Kalıcı dudak makyajı denince akla birinci gelen eski uygulamalar tarihe gömüldü.
Eskiden dudağın tamamı değil, yalnızca dudak kalemi formunda bir kalıcı makyaj yapılırdı ve bu da fecî görünürdü.
Günümüzde çok doğal formda yapılan kalıcı dudak renklendirmeyi dudak rengi deri rengiyle çabucak hemen birebir olan ve yüzü çok solgun görünen şahıslar düşünebilir.
Özellikle açık derili, sarışın şahıslarda ruj sürülmeyince kişi hasta üzere görünebiliyor.
Kansızlık, yaşlanma üzere durumlarda da dudak rengi solabilir. Sık sık uçuk çıkması da dudak bölgesinde renk ve kontür kaybının sebeplerinden.
Sürekli uçuk çıkan dudaklarda vakitle dudak çizgilerinde kaybolma görülebiliyor. Bu da asimetriye yol açıyor. İşte kalıcı dudak makyajı bu durumdan mustarip bireyler için ülkü. Lakin bu bireylerin süreçten evvelki gün, süreç günü ve sonraki günü üç gün uçuk ilacı kullanmaları tavsiye ediliyor. Aksi halde uçuk çıkıp kalıcı makyajın tesirini azaltabilir.
Dudağınızın kendisinde değil, sınırında küçük asimetriler varsa, kalıcı makyaj ile düzeltilebiliyor.
Dudaktaki büyük asimetriler için cerrahi müdahale ve dolgu gerekebilir.
İşlemin dudakları daha dolgun gösterdiği tezi ise yanlışsız değil.
Uzmanlar süreçten çabucak sonra, binlerce iğne darbesi görmüş şiş dudakları paylaştığı için bu türlü bir algı oluşsa da; bu tesir süreksiz. Süreç dudağın çabucak dışından çizim yapılarak gerçekleştiği için milimetrik bir büyümeyi elbette sağlıyor lakin bu dramatik bir fark yaratmıyor.
İşlem yaklaşık bir saat sürüyor. Güçlü anestezi kremleri kullanılsa da, dudak çok hassas bir bölge olduğu için bir ölçü acı hissediliyor.
Bu acı dayanılmayacak seviyede değil ve bilhassa sürecin sonuna hakikat artıyor.
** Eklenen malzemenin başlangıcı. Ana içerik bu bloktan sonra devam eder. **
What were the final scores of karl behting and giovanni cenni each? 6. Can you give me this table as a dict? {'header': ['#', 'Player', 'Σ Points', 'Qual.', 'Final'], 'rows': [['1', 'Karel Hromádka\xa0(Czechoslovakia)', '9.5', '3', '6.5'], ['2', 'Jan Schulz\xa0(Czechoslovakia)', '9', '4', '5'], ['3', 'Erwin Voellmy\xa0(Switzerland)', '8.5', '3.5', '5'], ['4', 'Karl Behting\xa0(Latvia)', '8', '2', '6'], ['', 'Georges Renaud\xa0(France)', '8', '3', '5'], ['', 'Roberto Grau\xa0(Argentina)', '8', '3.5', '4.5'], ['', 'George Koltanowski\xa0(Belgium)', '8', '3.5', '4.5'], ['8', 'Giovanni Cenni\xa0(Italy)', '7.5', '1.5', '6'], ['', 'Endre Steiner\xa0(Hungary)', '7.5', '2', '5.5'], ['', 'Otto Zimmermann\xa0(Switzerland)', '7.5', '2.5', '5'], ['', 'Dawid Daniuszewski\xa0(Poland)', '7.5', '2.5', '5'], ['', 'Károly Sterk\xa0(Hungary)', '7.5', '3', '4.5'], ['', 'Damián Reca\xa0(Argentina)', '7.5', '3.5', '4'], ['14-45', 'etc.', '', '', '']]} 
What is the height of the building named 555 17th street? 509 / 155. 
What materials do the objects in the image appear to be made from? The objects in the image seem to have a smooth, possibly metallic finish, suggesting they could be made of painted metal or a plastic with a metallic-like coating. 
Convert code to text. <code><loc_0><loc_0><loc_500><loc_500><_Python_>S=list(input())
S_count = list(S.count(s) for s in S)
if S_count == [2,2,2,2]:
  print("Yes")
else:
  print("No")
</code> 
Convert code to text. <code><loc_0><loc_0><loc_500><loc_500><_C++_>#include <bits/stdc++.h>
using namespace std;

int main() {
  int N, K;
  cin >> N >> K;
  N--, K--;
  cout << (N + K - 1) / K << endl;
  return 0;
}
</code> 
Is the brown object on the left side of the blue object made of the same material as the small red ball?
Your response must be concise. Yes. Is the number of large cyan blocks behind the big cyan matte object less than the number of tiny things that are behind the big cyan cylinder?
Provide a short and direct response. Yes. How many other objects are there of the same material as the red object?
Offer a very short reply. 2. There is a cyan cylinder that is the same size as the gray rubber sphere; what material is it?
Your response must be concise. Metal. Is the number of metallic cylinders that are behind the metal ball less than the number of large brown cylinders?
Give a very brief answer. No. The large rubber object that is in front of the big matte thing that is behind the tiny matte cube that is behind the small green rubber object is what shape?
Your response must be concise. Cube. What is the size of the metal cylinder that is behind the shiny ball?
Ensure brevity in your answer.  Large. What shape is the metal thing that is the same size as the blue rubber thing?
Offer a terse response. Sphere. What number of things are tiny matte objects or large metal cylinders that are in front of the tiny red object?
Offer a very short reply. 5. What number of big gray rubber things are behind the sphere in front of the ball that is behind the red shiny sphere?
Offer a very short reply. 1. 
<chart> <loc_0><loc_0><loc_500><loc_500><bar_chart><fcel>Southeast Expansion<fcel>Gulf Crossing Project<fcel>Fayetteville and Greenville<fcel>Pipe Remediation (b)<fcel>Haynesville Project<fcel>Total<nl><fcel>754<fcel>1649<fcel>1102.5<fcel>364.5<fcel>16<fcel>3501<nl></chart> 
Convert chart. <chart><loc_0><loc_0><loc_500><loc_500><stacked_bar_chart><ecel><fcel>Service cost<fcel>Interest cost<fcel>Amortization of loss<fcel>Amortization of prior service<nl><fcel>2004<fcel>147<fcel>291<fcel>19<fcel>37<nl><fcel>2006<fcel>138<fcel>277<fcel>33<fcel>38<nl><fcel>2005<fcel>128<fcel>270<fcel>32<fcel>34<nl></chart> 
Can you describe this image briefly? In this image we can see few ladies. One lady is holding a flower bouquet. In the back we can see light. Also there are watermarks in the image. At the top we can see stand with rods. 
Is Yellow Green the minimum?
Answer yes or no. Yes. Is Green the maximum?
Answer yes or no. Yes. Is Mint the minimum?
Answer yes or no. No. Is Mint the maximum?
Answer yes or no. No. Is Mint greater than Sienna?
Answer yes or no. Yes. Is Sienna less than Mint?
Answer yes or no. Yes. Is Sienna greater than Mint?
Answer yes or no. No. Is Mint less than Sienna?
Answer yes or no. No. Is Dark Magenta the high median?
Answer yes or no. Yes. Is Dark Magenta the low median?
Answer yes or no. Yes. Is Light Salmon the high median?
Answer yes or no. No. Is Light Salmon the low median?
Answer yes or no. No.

İşlem öncesi renge ve çizime birlikte karar veriliyor.
Dudak kalemiyle çizim yapılıyor ve karar veriliyor. Boya renkleri gerçeği yansıtmıyor, zira süreçten sonraki bir hafta içinde rengin %80’i atılıyor ve doğal, dudak rengine yakın bir tona dönüşüyor. Çoklukla esasen dudak tonuna yakın, sıcak ve soğuk tonlu boyaların karıştırılmasıyla elde edilen nude tonlar tercih ediliyor.
İşlemden sonra dudak süratlice kurumaya, yanmaya ve kabuklanmaya başlıyor.
İlk gün renk epey canlı, koyu görünüyor. Rengi atacağı için bilhassa bu türlü yapılıyor. Ayrıyeten iğne travması yüzünden şiş bir imaj oluyor lakin bu imaj süreksiz. Sistemli olarak vazelin yahut yağlı kremler ile kabuklanma önlenmeye çalışılıyor.
Üç dört gün içinde dudaktaki renk atılıyor ve geriye kalıcı olan doğal ton kalıyor.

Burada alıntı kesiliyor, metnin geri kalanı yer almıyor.